В данном случае речь идет вовсе не о защите интересов пользователей, а о защите коммерческих интересов ВК как правообладателя базы данных, считает Павел Катков, владелец IT-legal компании «Катков и партнеры», член Комитета ТПП РФ по предпринимательству в сфере медиакоммуникаций: «Согласно п. 1 ст. 1334 ГК РФ, изготовителю базы данных, создание которой (включая обработку или представление соответствующих материалов) требует существенных финансовых, материальных, организационных или иных затрат, принадлежит исключительное право извлекать из базы данных материалы и осуществлять их последующее использование в любой форме и любым способом». Иными словами, никто не вправе извлекать из базы данных информацию и осуществлять ее последующее использование без разрешения правообладателя, кроме случаев, предусмотренных ГК РФ. Причем неважно, каким способом это делается: посредством IT-сервиса с функцией парсинга или путем выписывания имен и параметров авторучкой на бумаге.

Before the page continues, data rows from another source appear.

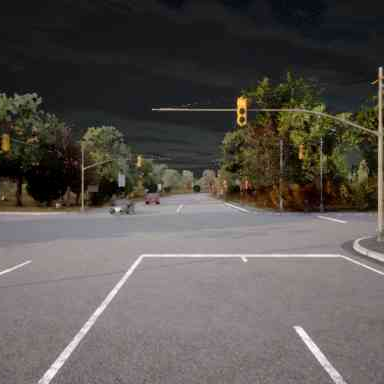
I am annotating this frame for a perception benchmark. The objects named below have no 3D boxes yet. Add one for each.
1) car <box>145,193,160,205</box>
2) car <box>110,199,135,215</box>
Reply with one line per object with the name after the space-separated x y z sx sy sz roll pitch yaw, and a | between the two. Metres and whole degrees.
-7.000 1.190 58.984 2.150 2.045 5.566 0 0 0 | car
-6.999 1.494 33.815 2.128 1.511 4.902 0 0 0 | car
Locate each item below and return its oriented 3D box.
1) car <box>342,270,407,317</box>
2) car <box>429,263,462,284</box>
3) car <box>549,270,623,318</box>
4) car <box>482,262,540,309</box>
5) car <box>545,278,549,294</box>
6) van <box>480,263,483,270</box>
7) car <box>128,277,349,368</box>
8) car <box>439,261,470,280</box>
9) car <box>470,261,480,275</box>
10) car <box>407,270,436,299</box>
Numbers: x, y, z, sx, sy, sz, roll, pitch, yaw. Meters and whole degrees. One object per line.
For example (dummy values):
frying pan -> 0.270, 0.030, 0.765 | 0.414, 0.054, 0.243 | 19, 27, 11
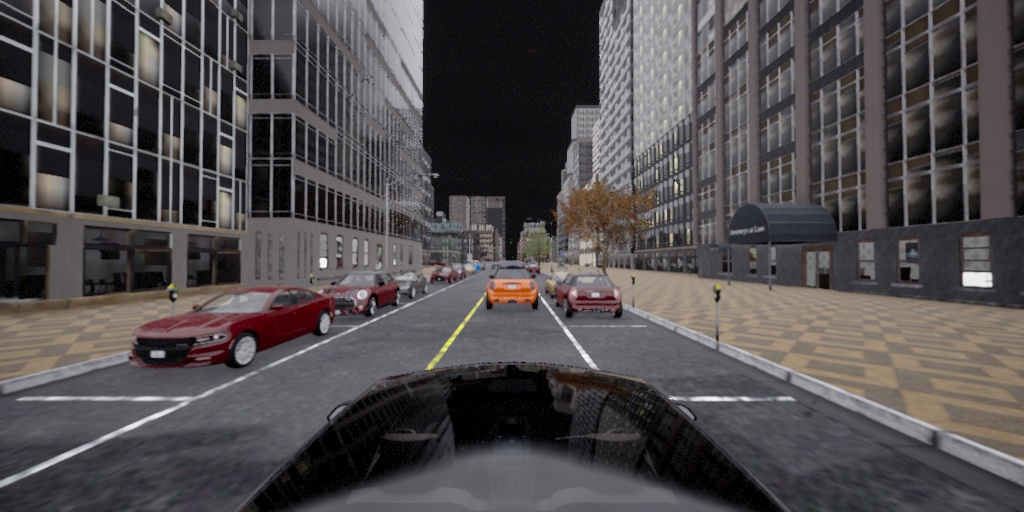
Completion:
car -> -5.679, 1.300, 13.534 | 1.967, 1.591, 4.097 | 0, 0, 0
car -> -5.664, 1.559, 30.151 | 1.888, 1.381, 4.507 | 0, 0, 0
car -> 2.701, 1.300, 13.527 | 1.967, 1.591, 4.097 | 0, 0, 0
car -> 0.017, 1.233, 15.935 | 2.097, 1.767, 4.553 | 0, -1, 0
car -> 2.706, 1.437, 19.235 | 1.751, 1.417, 4.829 | 0, 0, 0
van -> -5.642, 1.561, 52.307 | 1.690, 1.789, 3.998 | 0, 0, 0
car -> -5.684, 1.353, 7.995 | 1.888, 1.381, 4.507 | 0, 0, 0
car -> -5.659, 1.506, 35.691 | 1.967, 1.591, 4.097 | 0, 0, 0
car -> -5.648, 1.694, 46.598 | 1.751, 1.417, 4.829 | 0, 0, 0
car -> -5.674, 1.462, 19.073 | 2.007, 1.370, 4.403 | 0, 0, 0
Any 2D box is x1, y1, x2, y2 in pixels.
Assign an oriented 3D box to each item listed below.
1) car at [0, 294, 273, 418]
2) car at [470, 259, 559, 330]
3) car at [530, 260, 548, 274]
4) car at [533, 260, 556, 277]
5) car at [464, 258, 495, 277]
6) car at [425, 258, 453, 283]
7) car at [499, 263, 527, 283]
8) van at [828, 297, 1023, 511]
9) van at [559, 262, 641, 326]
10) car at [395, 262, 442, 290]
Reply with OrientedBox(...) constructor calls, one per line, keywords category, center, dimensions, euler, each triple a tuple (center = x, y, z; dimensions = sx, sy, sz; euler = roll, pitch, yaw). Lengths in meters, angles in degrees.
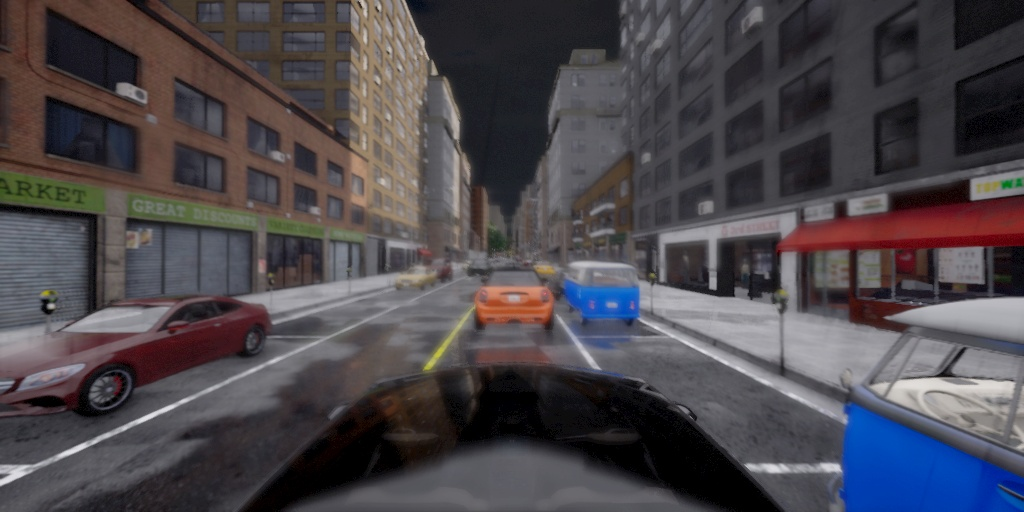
OrientedBox(category="car", center=(-5.854, 1.330, 5.913), dimensions=(1.802, 1.307, 4.207), euler=(0, 0, 0))
OrientedBox(category="car", center=(0.078, 1.099, 11.199), dimensions=(2.097, 1.767, 4.553), euler=(0, 0, 0))
OrientedBox(category="car", center=(3.181, 1.256, 42.971), dimensions=(1.837, 1.490, 4.892), euler=(0, 0, 0))
OrientedBox(category="car", center=(3.180, 1.206, 36.161), dimensions=(1.801, 1.575, 5.366), euler=(0, 0, 0))
OrientedBox(category="car", center=(-3.070, 1.100, 34.619), dimensions=(2.097, 1.767, 4.553), euler=(0, 0, 0))
OrientedBox(category="car", center=(-5.835, 1.061, 27.885), dimensions=(2.192, 1.841, 5.009), euler=(0, 0, 0))
OrientedBox(category="car", center=(0.107, 1.294, 28.932), dimensions=(2.033, 1.411, 5.357), euler=(0, 0, 0))
OrientedBox(category="van", center=(2.674, 1.091, 0.437), dimensions=(1.690, 1.789, 3.998), euler=(0, 0, 0))
OrientedBox(category="van", center=(2.682, 1.088, 11.420), dimensions=(1.690, 1.789, 3.998), euler=(0, 0, 0))
OrientedBox(category="car", center=(-5.839, 1.271, 22.223), dimensions=(1.751, 1.417, 4.829), euler=(0, 0, 0))
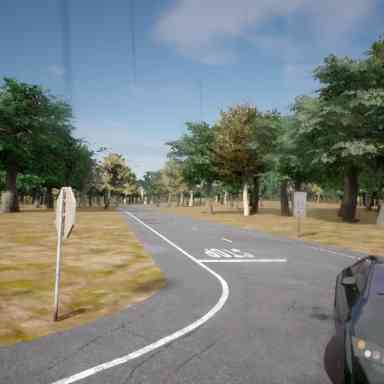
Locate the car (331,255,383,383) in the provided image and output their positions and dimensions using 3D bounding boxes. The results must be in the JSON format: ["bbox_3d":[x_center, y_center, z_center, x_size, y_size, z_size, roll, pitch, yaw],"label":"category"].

«Для законного использования требуется соглашение с правообладателем базы данных, и оно будет иметь природу лицензионного договора, по которому правообладатель разрешает лицензиату использование объекта правовой охраны — базы данных», — подчеркнула эксперт.

Аналогичный подход действует применительно к сайтам интернет-СМИ: любой человек может копировать новости при условии указания ссылки на источник, но если за эту же статью кто-то получит хоть копейку, возникнет нарушение прав данного СМИ. Чтобы этого не произошло, должен быть заключен соответствующий договор с правообладателем.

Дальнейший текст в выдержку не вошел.